[Items from a data source]

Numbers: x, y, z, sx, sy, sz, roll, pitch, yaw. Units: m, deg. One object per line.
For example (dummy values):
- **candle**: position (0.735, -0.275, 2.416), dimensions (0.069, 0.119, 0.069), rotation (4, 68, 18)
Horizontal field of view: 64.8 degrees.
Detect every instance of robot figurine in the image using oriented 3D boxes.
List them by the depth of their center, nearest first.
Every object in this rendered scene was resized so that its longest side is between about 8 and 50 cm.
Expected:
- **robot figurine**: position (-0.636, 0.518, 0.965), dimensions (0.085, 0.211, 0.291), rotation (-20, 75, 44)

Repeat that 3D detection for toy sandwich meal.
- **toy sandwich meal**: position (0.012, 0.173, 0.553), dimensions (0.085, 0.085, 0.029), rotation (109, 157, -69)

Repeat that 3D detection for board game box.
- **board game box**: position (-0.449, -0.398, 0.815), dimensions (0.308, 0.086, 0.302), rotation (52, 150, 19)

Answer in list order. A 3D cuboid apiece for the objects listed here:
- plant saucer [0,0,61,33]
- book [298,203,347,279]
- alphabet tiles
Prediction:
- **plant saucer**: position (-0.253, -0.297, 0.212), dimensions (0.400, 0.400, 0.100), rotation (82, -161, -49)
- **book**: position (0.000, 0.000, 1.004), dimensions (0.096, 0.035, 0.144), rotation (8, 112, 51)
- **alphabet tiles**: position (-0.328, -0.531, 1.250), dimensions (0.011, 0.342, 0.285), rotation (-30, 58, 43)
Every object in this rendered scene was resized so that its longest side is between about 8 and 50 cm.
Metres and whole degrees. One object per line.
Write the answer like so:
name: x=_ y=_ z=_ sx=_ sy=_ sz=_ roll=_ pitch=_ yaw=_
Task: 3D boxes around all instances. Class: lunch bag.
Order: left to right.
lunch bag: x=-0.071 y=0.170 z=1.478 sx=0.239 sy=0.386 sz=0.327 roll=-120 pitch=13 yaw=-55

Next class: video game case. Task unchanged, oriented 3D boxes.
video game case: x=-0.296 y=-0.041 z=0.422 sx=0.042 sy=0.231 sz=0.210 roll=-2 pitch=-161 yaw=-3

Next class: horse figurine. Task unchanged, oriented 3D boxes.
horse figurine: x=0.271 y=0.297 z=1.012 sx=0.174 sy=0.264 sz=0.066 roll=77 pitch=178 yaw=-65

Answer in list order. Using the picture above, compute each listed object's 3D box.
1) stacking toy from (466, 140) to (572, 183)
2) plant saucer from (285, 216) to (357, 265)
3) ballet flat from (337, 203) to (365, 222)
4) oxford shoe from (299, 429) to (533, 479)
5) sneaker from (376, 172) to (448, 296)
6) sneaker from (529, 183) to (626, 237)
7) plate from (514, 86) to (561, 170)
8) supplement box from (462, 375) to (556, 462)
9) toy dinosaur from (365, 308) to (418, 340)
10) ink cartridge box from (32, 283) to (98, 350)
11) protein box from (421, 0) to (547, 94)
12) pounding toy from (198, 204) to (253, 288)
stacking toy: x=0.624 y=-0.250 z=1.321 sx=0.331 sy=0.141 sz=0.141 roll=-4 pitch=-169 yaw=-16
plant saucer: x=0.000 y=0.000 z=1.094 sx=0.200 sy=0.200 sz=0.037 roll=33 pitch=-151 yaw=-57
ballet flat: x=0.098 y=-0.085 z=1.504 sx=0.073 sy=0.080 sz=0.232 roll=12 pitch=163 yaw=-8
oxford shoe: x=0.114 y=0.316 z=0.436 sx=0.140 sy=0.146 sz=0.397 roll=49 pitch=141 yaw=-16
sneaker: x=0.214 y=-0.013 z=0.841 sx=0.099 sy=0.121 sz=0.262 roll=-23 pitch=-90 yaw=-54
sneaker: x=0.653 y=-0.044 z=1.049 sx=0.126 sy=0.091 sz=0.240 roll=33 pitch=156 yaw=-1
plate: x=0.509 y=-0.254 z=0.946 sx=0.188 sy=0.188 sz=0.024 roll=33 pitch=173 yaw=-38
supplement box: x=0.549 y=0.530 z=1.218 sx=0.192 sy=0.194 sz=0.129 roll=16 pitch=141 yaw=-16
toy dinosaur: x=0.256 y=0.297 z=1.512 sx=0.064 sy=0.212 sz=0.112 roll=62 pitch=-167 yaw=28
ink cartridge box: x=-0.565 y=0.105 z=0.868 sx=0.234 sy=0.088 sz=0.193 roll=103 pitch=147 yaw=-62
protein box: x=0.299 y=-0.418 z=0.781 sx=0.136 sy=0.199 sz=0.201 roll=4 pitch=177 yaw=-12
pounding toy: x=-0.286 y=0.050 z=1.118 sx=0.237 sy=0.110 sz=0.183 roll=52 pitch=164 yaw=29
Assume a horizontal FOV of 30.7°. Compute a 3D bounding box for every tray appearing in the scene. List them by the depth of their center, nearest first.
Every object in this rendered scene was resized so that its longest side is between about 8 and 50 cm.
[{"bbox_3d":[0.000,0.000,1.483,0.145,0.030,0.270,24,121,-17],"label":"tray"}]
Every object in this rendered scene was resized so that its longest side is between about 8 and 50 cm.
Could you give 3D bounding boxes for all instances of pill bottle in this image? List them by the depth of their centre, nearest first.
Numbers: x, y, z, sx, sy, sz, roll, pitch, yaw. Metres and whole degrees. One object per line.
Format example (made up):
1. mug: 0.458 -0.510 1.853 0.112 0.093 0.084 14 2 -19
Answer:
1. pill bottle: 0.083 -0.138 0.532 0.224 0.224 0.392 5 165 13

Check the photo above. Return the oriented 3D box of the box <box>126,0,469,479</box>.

==

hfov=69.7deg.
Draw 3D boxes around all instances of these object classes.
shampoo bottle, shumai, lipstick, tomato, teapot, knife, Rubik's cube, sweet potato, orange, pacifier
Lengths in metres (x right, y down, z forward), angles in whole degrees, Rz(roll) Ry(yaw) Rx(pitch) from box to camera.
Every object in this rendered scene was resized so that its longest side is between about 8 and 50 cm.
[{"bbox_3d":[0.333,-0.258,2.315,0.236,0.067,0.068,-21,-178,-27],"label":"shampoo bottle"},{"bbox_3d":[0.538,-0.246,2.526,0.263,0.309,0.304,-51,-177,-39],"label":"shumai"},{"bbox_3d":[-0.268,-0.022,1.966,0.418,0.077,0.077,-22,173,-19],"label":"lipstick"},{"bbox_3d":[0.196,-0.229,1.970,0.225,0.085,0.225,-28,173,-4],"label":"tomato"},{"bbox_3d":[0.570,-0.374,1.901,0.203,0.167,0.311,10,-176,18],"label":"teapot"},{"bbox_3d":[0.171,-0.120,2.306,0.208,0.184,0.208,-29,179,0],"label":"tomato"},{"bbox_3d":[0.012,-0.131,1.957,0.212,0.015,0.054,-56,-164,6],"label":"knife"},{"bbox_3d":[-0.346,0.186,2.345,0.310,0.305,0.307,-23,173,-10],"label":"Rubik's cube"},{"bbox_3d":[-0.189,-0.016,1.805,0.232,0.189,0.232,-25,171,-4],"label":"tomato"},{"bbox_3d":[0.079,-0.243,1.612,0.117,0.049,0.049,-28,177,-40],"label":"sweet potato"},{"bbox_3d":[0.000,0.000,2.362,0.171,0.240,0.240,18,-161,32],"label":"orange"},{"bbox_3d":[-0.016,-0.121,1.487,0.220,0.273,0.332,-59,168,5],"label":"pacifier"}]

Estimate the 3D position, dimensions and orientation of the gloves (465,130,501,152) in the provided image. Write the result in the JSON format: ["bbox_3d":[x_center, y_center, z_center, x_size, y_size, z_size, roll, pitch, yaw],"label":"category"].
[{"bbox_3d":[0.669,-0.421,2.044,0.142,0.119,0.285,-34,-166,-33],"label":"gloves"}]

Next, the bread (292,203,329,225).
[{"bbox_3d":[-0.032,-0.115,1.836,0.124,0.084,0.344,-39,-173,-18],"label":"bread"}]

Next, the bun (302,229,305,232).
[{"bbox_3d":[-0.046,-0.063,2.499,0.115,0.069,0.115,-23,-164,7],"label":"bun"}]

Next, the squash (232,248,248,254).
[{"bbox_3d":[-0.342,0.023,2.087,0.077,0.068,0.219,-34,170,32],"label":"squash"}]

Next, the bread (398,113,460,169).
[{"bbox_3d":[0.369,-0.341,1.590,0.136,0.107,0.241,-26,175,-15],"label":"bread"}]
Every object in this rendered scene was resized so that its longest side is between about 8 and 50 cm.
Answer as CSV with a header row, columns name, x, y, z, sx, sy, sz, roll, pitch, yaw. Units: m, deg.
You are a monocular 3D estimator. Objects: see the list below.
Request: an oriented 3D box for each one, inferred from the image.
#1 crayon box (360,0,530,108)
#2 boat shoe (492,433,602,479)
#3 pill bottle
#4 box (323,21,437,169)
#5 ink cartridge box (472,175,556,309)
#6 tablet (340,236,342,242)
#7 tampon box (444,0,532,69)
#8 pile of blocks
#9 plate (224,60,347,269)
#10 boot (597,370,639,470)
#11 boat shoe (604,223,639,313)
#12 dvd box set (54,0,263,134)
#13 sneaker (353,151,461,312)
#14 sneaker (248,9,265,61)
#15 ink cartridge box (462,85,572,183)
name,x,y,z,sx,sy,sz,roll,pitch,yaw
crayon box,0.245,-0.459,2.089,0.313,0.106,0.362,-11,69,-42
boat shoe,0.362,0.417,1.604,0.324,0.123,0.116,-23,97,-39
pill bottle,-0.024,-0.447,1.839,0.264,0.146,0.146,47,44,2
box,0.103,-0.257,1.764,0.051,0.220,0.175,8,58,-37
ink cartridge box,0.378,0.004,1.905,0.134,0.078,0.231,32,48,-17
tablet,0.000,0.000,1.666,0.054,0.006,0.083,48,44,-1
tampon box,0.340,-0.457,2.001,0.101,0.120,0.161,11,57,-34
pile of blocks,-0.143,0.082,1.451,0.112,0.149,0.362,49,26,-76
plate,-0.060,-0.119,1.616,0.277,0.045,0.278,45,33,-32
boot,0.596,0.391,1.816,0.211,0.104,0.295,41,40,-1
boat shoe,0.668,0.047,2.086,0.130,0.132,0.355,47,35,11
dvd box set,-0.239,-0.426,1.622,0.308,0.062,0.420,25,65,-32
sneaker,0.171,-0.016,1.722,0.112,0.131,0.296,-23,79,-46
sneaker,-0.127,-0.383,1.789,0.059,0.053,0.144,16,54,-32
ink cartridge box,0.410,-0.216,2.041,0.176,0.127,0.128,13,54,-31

→ **WHAT THE EXERCISE ASKS**
Look above for the line with "#12 dvd box set (54,0,263,134)" and the line with "#14 sneaker (248,9,265,61)". Write out those two lines and all the lines between them, exactly, and no others.

→ **ANSWER FOR THIS EXERCISE**
#12 dvd box set (54,0,263,134)
#13 sneaker (353,151,461,312)
#14 sneaker (248,9,265,61)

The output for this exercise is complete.